BEGIN Data
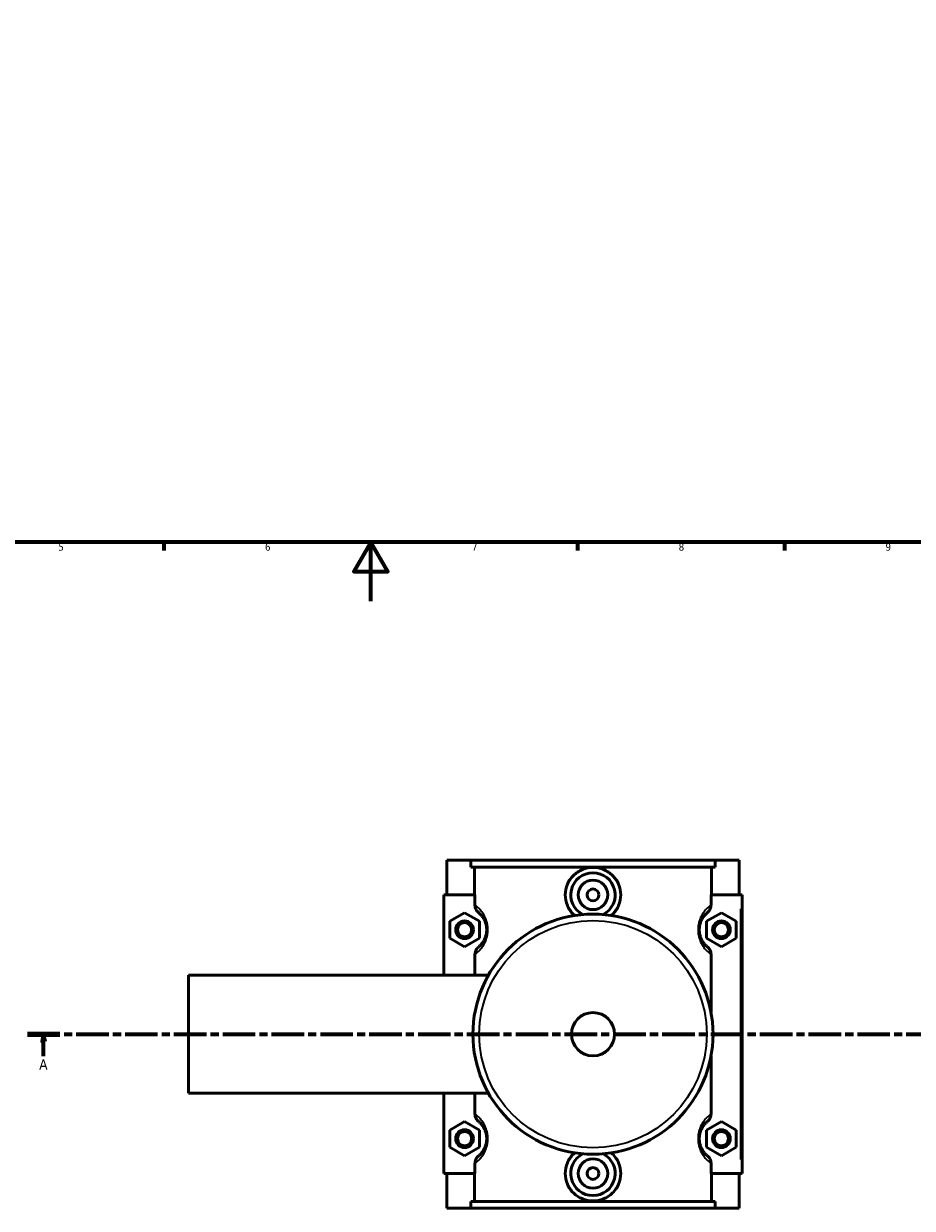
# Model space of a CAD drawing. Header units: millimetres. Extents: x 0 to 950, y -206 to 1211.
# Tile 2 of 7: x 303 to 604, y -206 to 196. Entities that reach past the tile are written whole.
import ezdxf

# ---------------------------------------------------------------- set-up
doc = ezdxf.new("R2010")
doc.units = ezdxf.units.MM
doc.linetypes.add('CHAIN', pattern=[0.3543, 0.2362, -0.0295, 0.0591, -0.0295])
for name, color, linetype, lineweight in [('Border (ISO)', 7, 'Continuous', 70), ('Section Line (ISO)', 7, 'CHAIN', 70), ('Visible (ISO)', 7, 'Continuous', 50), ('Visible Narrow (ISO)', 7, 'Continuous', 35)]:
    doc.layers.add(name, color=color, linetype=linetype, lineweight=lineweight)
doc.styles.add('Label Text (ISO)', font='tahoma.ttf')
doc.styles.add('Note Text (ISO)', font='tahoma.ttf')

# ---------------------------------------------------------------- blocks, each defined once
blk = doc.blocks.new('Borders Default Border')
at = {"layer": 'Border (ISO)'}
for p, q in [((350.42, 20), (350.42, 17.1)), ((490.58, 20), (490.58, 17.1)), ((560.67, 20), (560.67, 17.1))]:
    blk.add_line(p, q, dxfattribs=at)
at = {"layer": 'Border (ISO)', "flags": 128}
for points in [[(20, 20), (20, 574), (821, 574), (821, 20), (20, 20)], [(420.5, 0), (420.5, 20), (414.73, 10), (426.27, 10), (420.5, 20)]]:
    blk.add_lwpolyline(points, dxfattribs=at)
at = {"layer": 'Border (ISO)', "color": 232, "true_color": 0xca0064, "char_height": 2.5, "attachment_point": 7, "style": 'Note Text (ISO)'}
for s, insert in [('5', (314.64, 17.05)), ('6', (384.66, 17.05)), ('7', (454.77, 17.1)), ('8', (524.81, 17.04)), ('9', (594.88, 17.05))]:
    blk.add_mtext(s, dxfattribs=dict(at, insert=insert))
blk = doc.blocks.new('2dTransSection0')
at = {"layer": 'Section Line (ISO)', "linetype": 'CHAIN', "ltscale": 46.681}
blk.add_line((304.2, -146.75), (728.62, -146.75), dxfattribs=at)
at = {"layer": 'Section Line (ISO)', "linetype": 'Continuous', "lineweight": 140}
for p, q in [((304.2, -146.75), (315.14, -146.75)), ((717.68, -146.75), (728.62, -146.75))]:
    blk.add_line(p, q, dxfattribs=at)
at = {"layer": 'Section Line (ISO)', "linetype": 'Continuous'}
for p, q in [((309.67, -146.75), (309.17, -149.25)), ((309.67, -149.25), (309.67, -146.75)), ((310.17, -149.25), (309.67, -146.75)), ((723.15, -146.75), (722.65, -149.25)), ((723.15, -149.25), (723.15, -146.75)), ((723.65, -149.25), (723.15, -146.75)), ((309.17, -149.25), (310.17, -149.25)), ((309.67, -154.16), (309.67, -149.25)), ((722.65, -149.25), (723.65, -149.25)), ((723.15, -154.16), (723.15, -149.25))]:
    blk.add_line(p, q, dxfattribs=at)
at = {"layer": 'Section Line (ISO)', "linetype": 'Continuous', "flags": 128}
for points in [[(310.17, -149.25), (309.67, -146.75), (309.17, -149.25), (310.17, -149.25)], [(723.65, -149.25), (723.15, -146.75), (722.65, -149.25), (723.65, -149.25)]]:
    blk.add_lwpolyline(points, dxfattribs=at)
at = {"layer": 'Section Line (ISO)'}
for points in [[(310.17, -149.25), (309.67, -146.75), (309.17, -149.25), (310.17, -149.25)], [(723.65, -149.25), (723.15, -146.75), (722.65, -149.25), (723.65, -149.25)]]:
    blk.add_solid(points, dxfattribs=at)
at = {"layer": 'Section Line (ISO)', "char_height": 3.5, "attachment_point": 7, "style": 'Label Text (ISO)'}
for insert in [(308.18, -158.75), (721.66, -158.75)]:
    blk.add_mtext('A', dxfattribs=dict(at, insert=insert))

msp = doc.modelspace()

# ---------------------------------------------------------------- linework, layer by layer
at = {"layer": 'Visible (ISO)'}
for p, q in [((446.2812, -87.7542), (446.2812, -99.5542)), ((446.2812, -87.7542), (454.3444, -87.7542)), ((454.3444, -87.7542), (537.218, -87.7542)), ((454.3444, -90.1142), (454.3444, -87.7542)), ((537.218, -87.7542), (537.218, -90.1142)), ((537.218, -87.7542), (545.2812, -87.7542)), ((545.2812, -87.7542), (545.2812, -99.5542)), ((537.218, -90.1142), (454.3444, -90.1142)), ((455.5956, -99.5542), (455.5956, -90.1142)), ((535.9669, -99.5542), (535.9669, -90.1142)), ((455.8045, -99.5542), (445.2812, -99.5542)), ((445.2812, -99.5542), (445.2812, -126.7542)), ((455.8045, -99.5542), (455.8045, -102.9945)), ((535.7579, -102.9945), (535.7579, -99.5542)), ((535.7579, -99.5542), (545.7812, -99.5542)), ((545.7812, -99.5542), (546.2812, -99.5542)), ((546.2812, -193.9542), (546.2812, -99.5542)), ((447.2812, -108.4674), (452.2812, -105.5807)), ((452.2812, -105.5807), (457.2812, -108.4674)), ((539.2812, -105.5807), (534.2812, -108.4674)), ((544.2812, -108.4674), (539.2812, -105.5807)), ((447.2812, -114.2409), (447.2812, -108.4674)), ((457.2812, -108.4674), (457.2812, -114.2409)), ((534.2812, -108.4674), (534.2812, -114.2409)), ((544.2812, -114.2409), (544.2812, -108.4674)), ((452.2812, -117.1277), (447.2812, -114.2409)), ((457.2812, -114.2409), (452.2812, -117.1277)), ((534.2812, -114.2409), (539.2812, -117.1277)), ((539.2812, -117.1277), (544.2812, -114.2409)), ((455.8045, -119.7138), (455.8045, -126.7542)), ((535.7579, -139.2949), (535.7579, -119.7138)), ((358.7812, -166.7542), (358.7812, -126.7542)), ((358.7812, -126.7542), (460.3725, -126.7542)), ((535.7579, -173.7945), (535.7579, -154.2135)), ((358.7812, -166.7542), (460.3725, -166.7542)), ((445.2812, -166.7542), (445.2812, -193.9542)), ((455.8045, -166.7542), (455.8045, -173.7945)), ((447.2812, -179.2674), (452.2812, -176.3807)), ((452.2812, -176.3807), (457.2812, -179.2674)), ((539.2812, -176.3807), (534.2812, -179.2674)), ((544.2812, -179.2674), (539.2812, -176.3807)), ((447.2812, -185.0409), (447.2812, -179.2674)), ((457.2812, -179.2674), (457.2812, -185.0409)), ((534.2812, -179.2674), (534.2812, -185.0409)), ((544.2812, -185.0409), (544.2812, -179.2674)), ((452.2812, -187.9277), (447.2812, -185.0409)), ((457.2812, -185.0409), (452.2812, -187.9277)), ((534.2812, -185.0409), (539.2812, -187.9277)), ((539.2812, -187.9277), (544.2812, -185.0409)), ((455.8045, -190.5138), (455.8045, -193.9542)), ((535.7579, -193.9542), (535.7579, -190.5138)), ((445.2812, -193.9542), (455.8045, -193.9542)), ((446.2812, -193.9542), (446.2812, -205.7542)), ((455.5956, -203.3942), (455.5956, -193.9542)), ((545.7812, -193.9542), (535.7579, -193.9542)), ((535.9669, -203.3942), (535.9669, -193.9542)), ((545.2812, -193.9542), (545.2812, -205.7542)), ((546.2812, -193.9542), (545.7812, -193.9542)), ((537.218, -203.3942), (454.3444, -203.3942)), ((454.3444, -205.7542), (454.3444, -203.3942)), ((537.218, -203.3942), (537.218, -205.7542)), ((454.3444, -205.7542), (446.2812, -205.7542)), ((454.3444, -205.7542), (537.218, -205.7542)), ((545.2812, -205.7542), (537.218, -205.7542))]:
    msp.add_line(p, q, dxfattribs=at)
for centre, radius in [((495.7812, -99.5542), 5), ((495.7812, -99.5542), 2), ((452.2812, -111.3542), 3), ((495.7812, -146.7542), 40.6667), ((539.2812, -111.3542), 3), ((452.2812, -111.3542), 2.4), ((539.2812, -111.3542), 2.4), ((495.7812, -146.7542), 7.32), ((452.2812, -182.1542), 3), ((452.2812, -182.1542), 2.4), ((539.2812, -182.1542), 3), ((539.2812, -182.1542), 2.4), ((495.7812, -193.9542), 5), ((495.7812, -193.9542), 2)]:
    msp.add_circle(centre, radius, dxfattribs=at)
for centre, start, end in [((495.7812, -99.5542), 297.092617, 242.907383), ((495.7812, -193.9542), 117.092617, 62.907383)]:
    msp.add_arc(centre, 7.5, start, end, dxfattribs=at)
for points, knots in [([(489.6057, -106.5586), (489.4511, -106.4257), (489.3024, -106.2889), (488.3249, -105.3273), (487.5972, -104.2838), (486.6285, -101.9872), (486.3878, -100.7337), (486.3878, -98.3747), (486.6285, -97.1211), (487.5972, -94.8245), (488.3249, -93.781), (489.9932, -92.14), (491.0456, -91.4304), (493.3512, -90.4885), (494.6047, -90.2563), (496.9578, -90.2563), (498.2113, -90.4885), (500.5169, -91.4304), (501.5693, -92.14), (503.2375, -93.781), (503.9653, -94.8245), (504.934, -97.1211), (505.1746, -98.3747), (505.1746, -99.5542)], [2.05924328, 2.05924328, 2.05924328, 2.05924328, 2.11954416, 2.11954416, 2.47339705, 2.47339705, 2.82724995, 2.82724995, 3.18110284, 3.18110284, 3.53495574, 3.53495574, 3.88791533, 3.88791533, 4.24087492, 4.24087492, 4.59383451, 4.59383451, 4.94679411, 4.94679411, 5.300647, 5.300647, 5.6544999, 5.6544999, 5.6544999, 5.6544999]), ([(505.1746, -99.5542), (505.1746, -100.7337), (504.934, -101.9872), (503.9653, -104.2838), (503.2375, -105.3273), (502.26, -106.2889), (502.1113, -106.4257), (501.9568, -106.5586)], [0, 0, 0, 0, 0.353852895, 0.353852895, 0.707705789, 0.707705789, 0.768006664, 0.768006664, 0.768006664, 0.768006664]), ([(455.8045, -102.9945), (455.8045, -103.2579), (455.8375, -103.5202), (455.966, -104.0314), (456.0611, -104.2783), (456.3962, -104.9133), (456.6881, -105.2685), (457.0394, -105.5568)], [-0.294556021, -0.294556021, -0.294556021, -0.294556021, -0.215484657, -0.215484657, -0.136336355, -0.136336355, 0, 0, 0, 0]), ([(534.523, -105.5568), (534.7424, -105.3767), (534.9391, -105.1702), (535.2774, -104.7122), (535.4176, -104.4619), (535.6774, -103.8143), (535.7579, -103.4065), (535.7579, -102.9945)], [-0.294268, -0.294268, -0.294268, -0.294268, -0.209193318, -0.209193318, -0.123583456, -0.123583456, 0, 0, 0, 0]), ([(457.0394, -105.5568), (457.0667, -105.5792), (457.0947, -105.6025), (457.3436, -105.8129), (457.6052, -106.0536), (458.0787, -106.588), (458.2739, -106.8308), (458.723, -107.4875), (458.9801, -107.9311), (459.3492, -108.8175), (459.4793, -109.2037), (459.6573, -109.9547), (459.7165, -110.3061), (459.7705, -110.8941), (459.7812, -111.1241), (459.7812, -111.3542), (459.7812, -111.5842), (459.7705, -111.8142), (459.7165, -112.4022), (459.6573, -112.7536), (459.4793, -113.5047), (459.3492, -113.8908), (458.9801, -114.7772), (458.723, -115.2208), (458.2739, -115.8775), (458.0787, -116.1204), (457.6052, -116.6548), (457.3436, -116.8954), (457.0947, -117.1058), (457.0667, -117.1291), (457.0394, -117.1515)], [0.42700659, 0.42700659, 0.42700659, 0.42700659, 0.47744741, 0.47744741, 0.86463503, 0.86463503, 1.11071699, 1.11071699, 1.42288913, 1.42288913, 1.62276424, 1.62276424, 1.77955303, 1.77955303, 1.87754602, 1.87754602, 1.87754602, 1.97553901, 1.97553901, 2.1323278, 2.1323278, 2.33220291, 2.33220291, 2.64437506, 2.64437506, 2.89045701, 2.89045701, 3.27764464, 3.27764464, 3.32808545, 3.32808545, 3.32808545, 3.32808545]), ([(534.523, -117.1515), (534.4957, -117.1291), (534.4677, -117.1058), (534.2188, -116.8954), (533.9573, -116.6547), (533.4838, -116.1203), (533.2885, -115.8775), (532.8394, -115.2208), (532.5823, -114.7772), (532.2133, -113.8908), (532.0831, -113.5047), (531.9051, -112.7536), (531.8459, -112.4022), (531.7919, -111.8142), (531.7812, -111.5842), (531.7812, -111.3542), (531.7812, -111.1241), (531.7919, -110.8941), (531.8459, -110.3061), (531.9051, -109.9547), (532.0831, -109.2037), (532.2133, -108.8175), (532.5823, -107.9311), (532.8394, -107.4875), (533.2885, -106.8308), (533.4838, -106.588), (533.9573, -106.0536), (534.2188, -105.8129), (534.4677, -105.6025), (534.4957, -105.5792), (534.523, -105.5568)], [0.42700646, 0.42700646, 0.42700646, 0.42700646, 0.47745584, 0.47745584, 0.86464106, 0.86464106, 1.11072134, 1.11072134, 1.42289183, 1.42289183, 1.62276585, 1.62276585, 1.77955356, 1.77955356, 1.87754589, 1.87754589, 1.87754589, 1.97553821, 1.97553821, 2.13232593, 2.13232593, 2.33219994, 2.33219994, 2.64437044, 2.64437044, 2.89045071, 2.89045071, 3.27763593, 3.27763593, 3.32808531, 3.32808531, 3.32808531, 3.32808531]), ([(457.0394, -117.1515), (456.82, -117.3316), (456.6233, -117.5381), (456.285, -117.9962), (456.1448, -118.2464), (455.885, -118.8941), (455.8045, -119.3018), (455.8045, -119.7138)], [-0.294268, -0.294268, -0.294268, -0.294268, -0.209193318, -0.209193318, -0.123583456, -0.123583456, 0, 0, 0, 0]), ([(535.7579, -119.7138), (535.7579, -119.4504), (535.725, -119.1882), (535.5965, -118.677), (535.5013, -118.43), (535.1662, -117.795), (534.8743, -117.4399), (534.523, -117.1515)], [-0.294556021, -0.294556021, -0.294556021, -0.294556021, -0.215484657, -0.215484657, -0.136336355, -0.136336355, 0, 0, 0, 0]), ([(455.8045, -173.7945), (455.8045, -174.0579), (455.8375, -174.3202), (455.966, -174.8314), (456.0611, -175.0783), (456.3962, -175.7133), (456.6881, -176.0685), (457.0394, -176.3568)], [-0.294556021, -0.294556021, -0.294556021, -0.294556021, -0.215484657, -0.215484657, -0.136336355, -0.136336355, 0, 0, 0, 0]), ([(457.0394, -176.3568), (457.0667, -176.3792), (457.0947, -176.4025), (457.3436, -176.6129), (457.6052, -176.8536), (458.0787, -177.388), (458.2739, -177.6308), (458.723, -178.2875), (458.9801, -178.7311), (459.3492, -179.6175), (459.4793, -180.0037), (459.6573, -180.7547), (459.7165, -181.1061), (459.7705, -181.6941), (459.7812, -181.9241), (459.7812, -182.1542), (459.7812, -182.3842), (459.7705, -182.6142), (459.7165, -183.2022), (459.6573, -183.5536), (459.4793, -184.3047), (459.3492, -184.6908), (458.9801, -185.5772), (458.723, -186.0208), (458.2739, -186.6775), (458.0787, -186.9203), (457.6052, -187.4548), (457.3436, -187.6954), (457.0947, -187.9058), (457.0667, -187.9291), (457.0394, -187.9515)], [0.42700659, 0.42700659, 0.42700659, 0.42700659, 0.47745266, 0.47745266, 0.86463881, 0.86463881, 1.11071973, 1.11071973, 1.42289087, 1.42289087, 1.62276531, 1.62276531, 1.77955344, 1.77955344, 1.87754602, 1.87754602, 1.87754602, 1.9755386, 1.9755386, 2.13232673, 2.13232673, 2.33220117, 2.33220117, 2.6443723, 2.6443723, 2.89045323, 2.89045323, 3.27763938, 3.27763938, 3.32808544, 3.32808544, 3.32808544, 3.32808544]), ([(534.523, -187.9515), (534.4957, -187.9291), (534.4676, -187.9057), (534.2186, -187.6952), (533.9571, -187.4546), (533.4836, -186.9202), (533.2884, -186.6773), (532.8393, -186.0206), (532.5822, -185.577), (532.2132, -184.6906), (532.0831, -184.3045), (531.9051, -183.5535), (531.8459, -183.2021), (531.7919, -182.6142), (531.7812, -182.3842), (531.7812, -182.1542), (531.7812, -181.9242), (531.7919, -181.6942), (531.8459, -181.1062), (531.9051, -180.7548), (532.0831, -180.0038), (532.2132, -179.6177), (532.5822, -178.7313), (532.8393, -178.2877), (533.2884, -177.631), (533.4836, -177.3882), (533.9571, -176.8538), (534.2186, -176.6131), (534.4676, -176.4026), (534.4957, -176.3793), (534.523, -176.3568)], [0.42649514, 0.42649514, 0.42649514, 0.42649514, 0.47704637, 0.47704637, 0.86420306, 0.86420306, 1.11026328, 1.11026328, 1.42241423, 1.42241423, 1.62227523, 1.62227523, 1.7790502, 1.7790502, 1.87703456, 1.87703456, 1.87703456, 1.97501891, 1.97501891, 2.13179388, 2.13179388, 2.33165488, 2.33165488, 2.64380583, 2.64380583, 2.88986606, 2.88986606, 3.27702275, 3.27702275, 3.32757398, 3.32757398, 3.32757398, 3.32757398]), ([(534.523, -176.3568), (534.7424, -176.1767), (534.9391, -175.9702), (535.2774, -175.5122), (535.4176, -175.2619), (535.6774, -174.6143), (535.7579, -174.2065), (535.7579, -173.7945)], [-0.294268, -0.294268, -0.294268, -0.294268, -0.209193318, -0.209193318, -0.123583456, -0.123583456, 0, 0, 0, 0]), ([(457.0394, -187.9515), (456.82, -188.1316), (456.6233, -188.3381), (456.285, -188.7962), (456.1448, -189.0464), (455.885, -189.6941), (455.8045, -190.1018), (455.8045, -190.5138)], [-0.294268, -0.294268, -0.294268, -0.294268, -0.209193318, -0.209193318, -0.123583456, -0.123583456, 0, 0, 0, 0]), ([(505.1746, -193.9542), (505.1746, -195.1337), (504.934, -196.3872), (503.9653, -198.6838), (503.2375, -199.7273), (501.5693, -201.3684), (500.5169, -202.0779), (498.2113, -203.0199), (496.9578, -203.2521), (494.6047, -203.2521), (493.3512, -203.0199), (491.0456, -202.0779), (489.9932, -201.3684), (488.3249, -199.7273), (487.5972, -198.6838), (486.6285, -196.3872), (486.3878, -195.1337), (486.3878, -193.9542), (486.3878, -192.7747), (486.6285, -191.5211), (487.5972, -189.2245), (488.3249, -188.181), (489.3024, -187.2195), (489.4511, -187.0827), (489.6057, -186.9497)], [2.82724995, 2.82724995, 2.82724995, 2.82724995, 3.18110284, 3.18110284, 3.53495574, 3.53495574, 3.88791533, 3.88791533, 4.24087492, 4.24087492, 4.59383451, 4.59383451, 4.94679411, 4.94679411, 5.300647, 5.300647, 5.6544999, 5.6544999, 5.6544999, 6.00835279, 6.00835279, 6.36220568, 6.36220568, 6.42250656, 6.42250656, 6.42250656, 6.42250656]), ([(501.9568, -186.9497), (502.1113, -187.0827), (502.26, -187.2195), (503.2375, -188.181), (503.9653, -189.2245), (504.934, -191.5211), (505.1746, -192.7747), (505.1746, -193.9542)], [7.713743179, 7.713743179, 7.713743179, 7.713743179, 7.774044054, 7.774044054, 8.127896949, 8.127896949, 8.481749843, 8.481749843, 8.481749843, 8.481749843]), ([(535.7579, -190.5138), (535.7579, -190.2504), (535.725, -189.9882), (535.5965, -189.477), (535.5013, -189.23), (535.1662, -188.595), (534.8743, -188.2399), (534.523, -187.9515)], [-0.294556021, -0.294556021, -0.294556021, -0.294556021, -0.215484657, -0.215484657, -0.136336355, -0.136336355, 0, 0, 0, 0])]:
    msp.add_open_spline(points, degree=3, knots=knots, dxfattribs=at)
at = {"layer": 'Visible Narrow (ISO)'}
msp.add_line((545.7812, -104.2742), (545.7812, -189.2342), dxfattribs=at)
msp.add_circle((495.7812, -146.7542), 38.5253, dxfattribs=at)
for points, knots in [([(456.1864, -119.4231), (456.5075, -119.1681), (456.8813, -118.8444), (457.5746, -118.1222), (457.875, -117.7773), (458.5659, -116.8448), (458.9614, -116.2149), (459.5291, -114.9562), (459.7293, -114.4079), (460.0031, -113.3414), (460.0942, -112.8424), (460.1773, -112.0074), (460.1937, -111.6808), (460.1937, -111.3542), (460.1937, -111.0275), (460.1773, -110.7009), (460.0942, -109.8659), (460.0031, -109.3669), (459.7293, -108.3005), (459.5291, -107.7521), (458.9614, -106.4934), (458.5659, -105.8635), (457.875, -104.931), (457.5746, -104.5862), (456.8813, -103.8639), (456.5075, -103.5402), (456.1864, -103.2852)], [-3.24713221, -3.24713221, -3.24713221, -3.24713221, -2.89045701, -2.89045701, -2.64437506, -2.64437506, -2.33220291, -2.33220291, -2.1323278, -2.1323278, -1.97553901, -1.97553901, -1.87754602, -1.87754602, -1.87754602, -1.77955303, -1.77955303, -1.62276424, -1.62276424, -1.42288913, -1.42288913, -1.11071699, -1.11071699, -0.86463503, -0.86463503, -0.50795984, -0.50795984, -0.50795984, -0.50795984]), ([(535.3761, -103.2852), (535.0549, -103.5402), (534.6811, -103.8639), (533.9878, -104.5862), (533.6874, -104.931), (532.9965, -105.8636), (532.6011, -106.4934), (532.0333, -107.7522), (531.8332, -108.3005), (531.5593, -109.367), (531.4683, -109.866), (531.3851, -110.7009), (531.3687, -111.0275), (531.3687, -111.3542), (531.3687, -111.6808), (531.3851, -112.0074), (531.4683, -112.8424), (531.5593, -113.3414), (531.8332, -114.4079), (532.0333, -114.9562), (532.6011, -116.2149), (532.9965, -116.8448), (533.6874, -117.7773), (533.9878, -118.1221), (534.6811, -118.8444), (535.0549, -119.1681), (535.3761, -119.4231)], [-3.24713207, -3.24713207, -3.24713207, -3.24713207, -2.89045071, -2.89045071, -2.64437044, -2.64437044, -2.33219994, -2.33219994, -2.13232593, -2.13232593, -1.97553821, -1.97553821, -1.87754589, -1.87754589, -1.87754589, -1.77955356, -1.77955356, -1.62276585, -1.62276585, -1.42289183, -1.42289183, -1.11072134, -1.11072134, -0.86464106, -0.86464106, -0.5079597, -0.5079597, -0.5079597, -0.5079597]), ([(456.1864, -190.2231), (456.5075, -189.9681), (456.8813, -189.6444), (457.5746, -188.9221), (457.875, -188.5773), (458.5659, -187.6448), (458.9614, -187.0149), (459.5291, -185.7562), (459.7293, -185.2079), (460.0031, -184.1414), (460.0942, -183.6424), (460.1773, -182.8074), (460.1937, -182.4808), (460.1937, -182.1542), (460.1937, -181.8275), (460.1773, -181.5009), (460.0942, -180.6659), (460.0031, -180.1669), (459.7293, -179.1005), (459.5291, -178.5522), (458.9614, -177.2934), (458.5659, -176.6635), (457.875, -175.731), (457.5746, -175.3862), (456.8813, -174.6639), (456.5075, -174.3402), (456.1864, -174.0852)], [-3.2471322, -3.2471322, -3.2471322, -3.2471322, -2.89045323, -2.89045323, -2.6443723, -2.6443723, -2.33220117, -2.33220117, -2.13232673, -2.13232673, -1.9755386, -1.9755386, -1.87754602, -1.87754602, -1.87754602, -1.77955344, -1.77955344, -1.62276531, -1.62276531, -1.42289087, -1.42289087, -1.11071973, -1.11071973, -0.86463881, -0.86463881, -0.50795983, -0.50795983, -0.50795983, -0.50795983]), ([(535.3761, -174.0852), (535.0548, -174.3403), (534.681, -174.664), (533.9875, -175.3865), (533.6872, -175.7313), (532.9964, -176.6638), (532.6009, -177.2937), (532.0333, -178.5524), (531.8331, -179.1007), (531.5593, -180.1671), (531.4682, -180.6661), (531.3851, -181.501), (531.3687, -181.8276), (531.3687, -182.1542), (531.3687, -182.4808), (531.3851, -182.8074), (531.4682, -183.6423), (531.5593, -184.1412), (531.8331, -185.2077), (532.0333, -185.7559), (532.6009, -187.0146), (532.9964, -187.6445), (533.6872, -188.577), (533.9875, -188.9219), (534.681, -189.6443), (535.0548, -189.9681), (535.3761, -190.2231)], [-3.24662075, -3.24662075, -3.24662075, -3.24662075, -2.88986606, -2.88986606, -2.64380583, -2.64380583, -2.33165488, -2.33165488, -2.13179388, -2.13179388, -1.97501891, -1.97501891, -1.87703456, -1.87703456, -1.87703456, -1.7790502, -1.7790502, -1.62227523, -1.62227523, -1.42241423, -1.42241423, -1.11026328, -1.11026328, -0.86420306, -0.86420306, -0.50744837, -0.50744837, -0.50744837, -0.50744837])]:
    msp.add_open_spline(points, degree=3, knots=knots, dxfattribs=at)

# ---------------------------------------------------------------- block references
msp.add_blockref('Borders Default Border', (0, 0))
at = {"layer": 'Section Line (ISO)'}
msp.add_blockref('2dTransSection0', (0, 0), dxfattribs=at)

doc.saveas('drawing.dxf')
END Data
- **Directions**:
Return exactly, and only, the lines above starting at the line that contains "for centre, start, end" and ending at the line that contains "msp.add_arc(centre, 7.5, start, end, dxfattribs=at)".

- **Response for this exercise**:
for centre, start, end in [((495.7812, -99.5542), 297.092617, 242.907383), ((495.7812, -193.9542), 117.092617, 62.907383)]:
    msp.add_arc(centre, 7.5, start, end, dxfattribs=at)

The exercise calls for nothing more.